Time Limit: 3000MS Memory Limit: 30000K
Total Submissions: 5834 Accepted: 2758

Description

Farmer John’s family pitches in with the chores during milking, doing all the chores as quickly as possible. At FJ’s house, some chores cannot be started until others have been completed, e.g., it is impossible to wash the cows until they are in the stalls.
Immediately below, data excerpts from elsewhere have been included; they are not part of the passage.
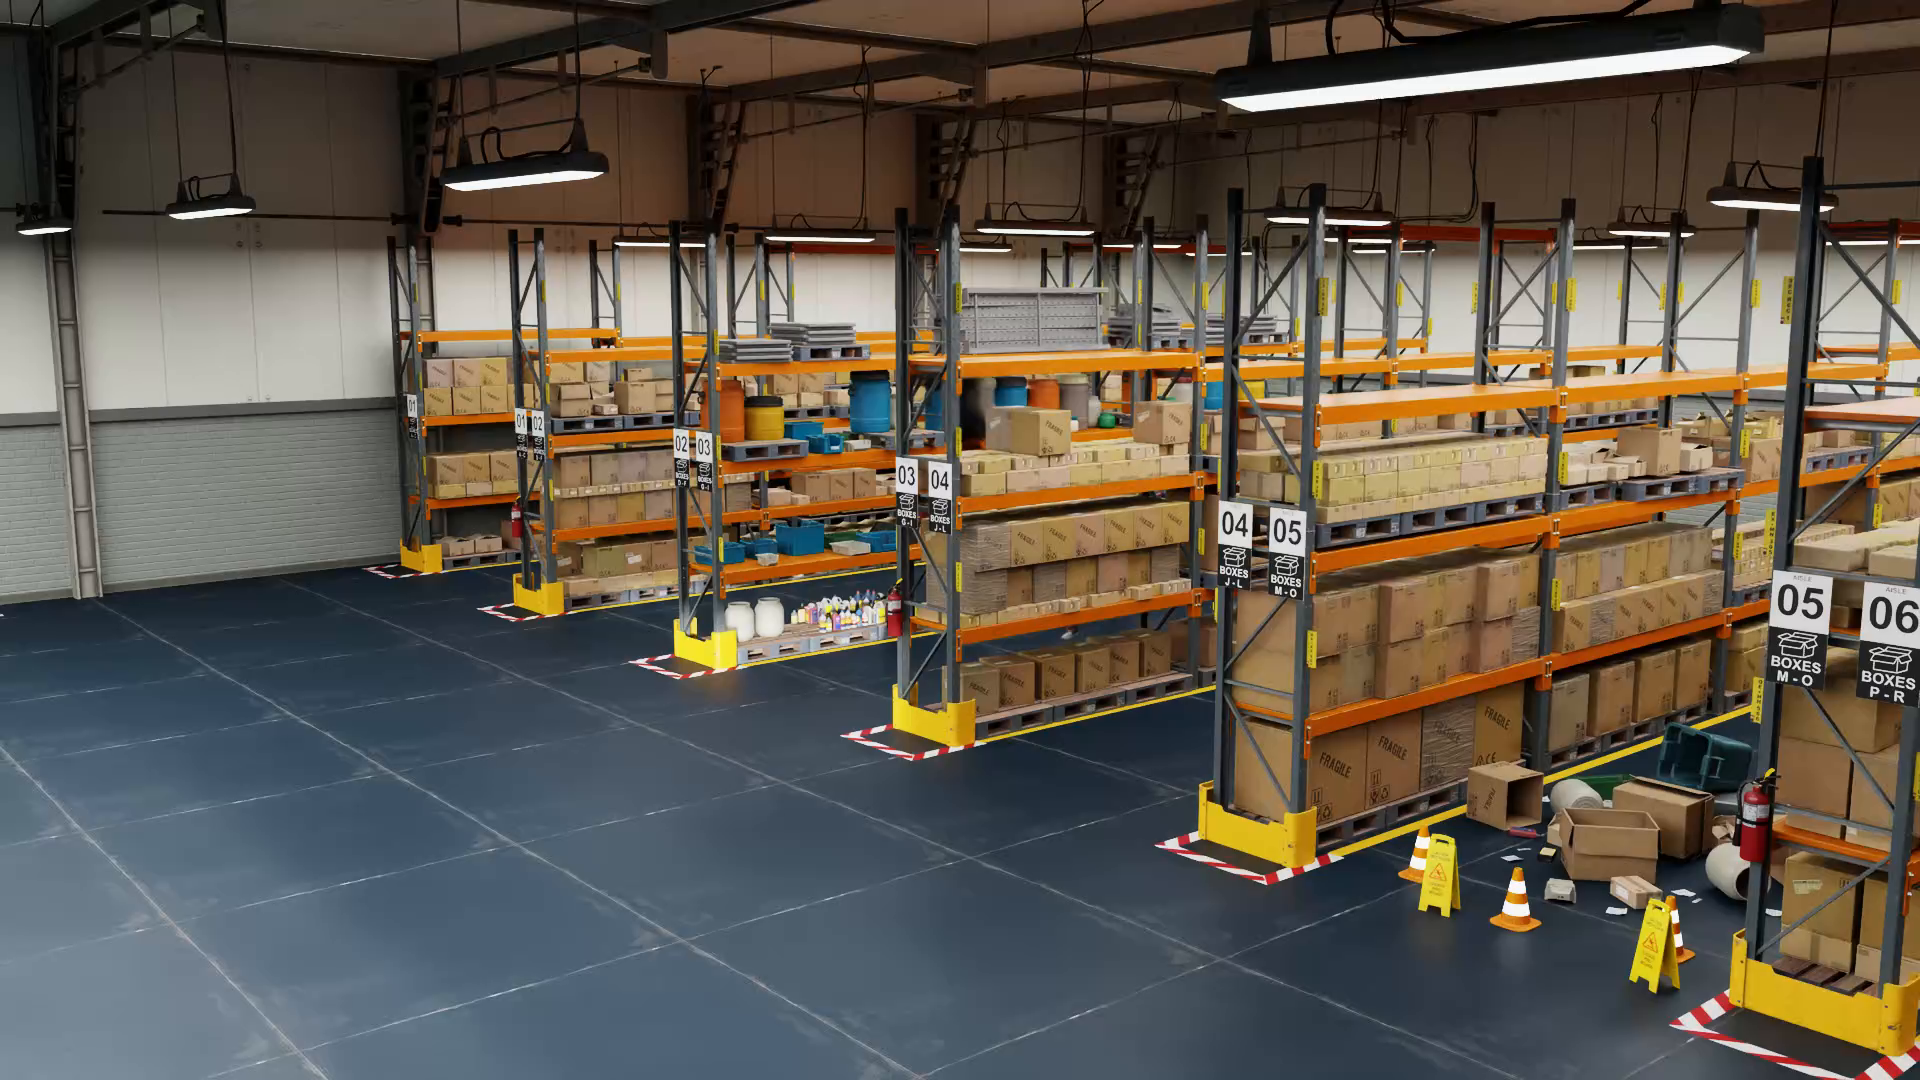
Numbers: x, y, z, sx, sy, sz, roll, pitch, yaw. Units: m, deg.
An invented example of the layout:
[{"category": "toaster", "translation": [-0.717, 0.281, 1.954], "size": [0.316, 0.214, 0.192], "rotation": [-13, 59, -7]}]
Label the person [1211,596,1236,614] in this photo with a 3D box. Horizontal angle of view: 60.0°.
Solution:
[{"category": "person", "translation": [3.928, 0.278, 24.728], "size": [0.713, 1.802, 0.918], "rotation": [6, 11, 35]}]

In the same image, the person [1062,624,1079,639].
[{"category": "person", "translation": [1.650, 0.563, 23.096], "size": [0.575, 1.613, 0.735], "rotation": [7, 11, 40]}]
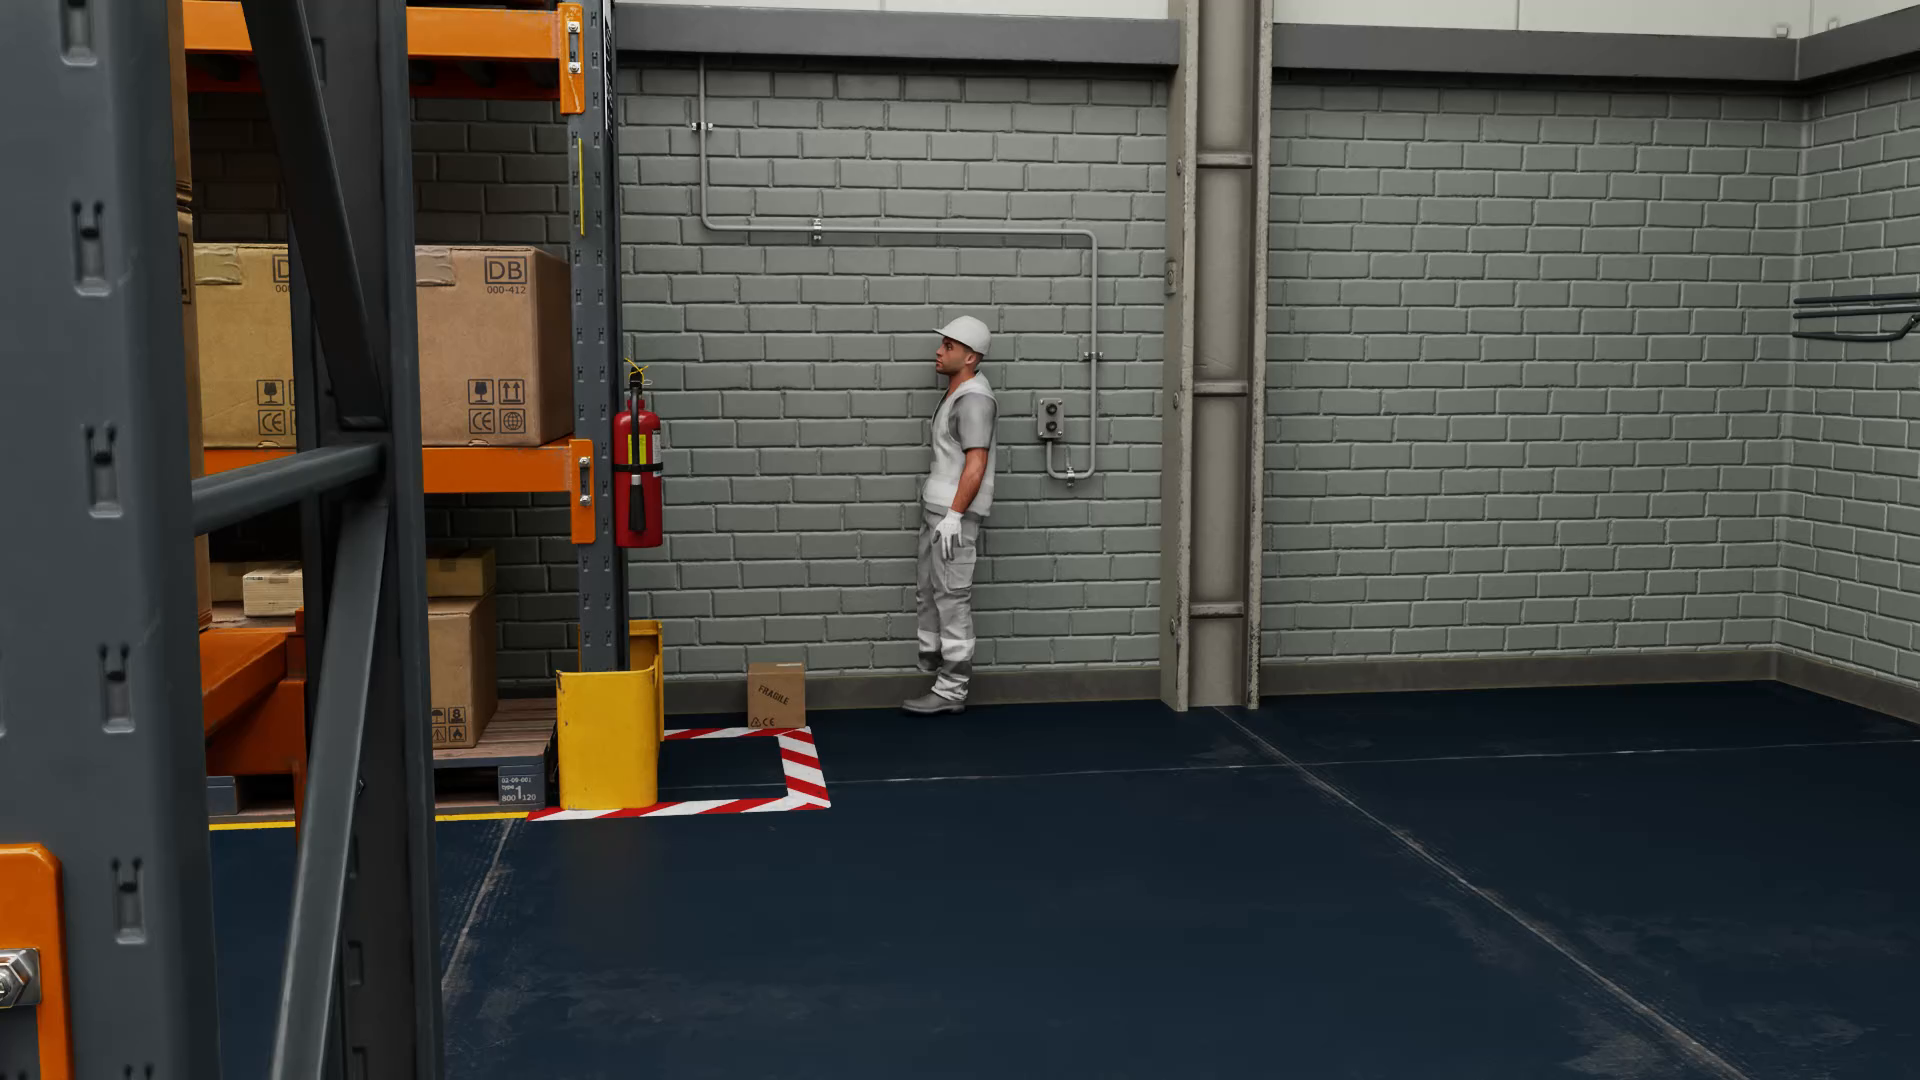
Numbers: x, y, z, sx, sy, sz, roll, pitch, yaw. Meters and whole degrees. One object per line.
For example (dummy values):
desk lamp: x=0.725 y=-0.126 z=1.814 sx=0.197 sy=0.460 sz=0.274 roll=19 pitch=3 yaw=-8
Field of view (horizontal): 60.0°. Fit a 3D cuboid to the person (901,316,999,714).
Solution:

Farmer John has a list of N (3 <= N <= 10,000) chores that must be completed. Each chore requires an integer time (1 <= length of time <= 100) to complete and there may be other chores that must be completed before this chore is started. We will call these prerequisite chores. At least one chore has no prerequisite: the very first one, number 1. Farmer John’s list of chores is nicely ordered, and chore K (K > 1) can have only chores 1,.K-1 as prerequisites. Write a program that reads a list of chores from 1 to N with associated times and all perquisite chores. Now calculate the shortest time it will take to complete all N chores. Of course, chores that do not depend on each other can be performed simultaneously.

Input

Line 1: One integer, N
Lines 2..N+1: N lines, each with several space-separated integers. Line 2 contains chore 1; line 3 contains chore 2, and so on. Each line contains the length of time to complete the chore, the number of the prerequisites, Pi, (0 <= Pi <= 100), and the Pi prerequisites (range 1..N, of course).

Output

A single line with an integer which is the least amount of time required to perform all the chores.

Sample Input
7
5 0
1 1 1
3 1 2
6 1 1
1 2 2 4
8 2 2 4
4 3 3 5 6

Sample Output
23
解法很多。这里只是想学习一下最长路径
代码：

#include<iostream>
#include <stdio.h>
#include <stdlib.h>
#include <queue>
#include <vector>
#include <string.h>
#include <algorithm>
using namespace std;
const int N=10005;
vector<int>ch[N];
int c[N];
int dp[N];
bool vis[N];
queue<int>q;
int x,y,n,k;
int bfs()
{
    memset(vis,false,sizeof(vis));
    memset(dp,0,sizeof(dp));
    int ans=0;
    q.push(0);
    while(!q.empty())
    {
        int x=q.front();q.pop();
        vis[x]=false;
        int up=ch[x].size();
        for(int i=0;i<up;i++)
        {
            int y=ch[x][i];
            if(dp[y]>=dp[x]+c[y]) continue;
            dp[y]=dp[x]+c[y];
            if(ch[y].size()==0)
                ans=max(ans,dp[y]);
            else if(!vis[y])
            {
                q.push(y);
                vis[y]=true;
            }
        }
    }
    return ans;
}
int main()
{
    while(~scanf("%d",&n))
    {
        for(int i=0;i<=n;i++)
            ch[i].clear();
            for(int i=1;i<=n;i++)
            {
                scanf("%d%d",&c[i],&k);
                if(k==0)
                    ch[0].push_back(i);
                else
                {
                    while(k--)
                    {
                        scanf("%d",&x);
                        ch[x].push_back(i);
                    }
                }
            }
            printf("%d\n",bfs());
    }
}